> **How to complete this task**
Among the records below, find the lines with the word "object" and copy them.

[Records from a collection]
###
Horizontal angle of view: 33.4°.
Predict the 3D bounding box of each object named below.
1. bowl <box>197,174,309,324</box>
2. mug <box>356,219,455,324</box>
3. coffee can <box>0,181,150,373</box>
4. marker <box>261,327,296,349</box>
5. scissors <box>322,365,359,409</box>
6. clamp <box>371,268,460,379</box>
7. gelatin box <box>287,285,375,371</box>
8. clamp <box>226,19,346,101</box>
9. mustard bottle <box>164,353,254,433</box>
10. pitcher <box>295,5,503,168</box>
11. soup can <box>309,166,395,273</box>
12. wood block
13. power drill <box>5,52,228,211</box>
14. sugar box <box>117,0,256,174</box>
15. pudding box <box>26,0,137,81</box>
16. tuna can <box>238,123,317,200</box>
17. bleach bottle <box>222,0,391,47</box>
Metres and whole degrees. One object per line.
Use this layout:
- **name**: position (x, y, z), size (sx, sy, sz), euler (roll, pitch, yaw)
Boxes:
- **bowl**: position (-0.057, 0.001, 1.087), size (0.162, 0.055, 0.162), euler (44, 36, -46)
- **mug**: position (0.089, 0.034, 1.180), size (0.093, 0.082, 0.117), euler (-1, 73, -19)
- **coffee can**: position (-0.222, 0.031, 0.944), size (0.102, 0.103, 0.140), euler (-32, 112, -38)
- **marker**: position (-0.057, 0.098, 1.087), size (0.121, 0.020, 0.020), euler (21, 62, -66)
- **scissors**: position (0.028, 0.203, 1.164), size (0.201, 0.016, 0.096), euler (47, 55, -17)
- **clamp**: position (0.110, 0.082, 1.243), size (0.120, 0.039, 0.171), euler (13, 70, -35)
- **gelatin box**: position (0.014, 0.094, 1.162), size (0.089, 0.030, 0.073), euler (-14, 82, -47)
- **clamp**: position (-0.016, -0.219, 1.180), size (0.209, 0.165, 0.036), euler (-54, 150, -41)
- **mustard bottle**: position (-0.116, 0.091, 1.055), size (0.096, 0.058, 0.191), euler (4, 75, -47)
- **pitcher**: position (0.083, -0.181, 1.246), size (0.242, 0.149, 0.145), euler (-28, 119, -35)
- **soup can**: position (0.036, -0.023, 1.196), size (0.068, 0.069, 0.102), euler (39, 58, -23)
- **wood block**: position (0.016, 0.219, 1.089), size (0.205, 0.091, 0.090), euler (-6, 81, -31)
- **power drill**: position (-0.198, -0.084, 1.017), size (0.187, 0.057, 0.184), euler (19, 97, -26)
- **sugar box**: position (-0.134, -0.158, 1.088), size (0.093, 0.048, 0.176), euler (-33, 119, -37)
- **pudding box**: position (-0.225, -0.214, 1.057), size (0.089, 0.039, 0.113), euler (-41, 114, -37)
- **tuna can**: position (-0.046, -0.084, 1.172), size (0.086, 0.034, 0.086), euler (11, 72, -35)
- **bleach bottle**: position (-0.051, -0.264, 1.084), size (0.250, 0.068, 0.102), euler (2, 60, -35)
###
> **Response area**
Predict the 3D bounding box of each object named below.
Metres and whole degrees. One object per line.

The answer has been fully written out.